Debout dans la cour de la mosquée Hemmat Tajrish, près des tombes de ceux qui sont morts dans la guerre de 12 jours, Mohammad Faze reconnaît que la société iranienne vit sur le qui-vive. Pourtant, il insiste : « Je ne suis pas du genre à être totalement certain de quoi que ce soit, mais si cette guerre revient, nous serons prêts. Nous avons tiré des leçons de la guerre de 12 jours, et nous sommes préparés. C'est profondément ancré dans l'esprit iranien que nous ne nous rendrons pas et que nous ne serons pas humiliés. »
Foire Aux Questions
Bien sûr. Voici une liste de FAQ sur : Le peuple s'est levé - Comment la guerre a façonné le virage de l'Iran vers un nationalisme quotidien
Questions Niveau Débutant
1. Qu'est-ce que le nationalisme quotidien dans le contexte de l'Iran ?
Il fait référence à un sentiment d'identité nationale et de fierté qui est ancré dans la vie quotidienne, les luttes partagées et les traditions culturelles des Iraniens ordinaires, plutôt que dans la seule idéologie officielle de l'État.
2. À quelle guerre cela fait-il référence ?
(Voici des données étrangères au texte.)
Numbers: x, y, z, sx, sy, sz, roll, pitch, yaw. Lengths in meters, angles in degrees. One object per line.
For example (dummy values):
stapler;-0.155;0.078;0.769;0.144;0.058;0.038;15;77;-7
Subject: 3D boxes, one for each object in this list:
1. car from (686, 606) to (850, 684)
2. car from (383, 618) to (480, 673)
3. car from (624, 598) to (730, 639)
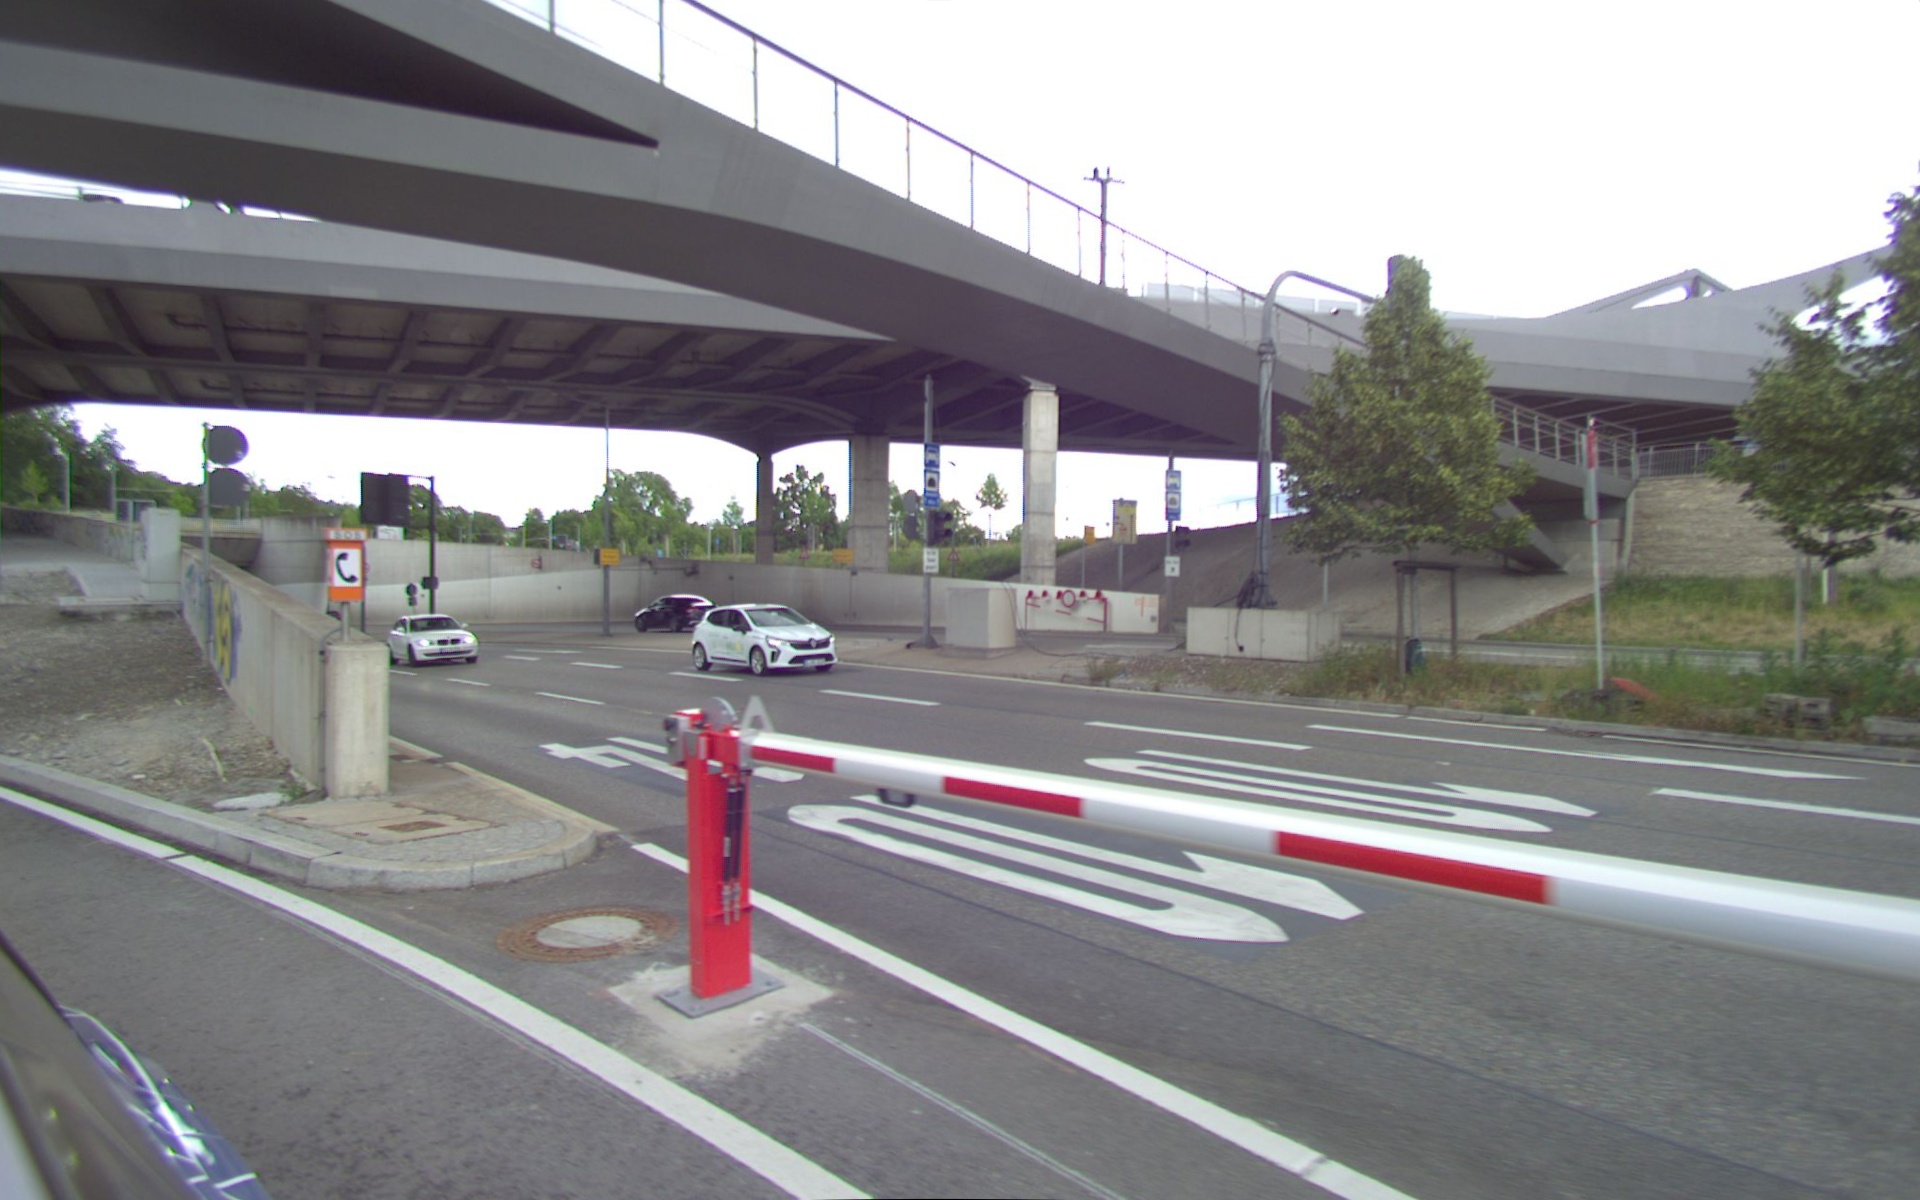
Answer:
car;-4.190;0.890;21.671;1.557;1.495;4.002;-1;0;-43
car;-15.489;1.281;29.563;1.618;1.444;3.988;-1;-1;-41
car;-11.053;0.685;39.334;4.613;1.489;1.770;0;0;41

La guerre Iran-Irak, également connue sous le nom de Guerre Imposée en Iran.
3. Comment une guerre a-t-elle conduit au nationalisme ?
La guerre a créé une expérience partagée de sacrifice et de résistance pour des millions d'Iraniens. Défendre le pays contre une invasion a favorisé un sentiment puissant et unifié d'être Iranien qui transcende la politique.
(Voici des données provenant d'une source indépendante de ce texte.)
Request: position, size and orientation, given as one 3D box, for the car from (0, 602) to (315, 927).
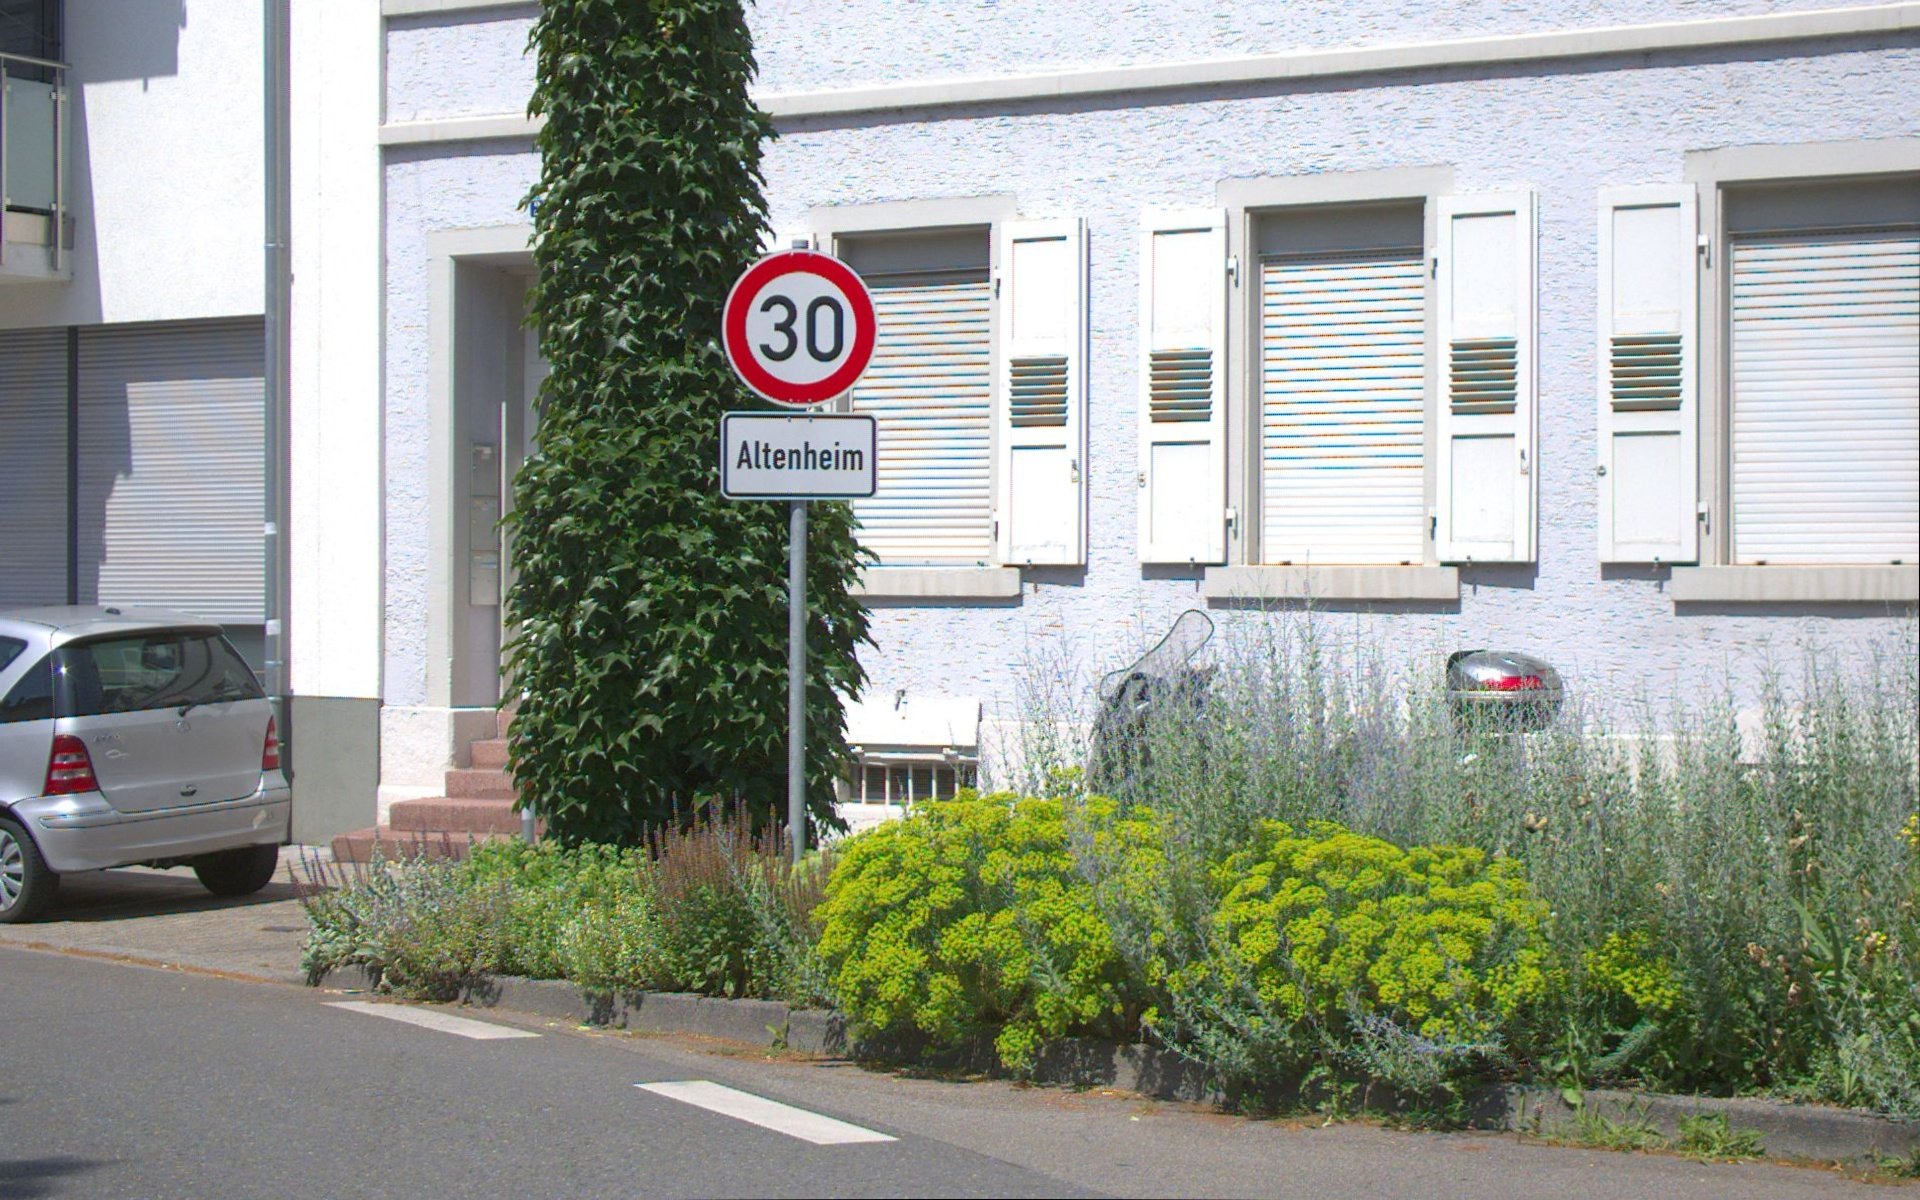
[{"bbox_3d":[-5.339,0.803,18.570,3.614,1.581,1.581,1,-1,38],"label":"car"}]

4. Est-ce différent du nationalisme officiel du gouvernement ?
Oui. Le gouvernement promeut un nationalisme étatique et idéologique, souvent lié à la Révolution de 1979 et aux valeurs islamiques. Le nationalisme quotidien est plus organique, se concentrant sur le peuple, son histoire et sa persévérance.
5. Pouvez-vous donner un exemple de nationalisme quotidien ?
Un exemple courant est la profonde révérence culturelle pour les martyrs de la guerre Iran-Irak et leurs familles. Ce n'est pas seulement un récit gouvernemental, c'est un sentiment public authentique et répandu, tissé dans le tissu social.
Questions Intermédiaire / Avancé
6. La guerre n'a-t-elle pas solidifié le pouvoir de la nouvelle République Islamique ? Comment cela a-t-il créé un nationalisme distinct ?
Bien que le gouvernement ait utilisé la guerre pour consolider son pouvoir, l'expérience vécue par les citoyens a créé une identité parallèle. Les gens se battaient pour leurs foyers, leurs familles et la terre même de l'Iran, ce qui a créé un lien national qui existait aux côtés, et parfois indépendamment, de leur soutien au gouvernement.
7. Quel rôle les médias et l'art ont-ils joué dans la formation de cela ?
Les films, la musique et la littérature de guerre se concentraient souvent sur les histoires humaines des soldats et des civils – leur amour pour leur pays, leur chagrin et leur résilience. Cela a aidé à forger un récit national centré sur l'expérience du peuple, pas seulement sur la propagande d'État.
8. Comment le nationalisme quotidien se manifeste-t-il en Iran aujourd'hui ?
Il peut être observé dans les fortes manifestations de fierté nationale lors d'événements sportifs, dans la préservation des anciennes traditions persanes et dans une défiance générale contre les pressions externes.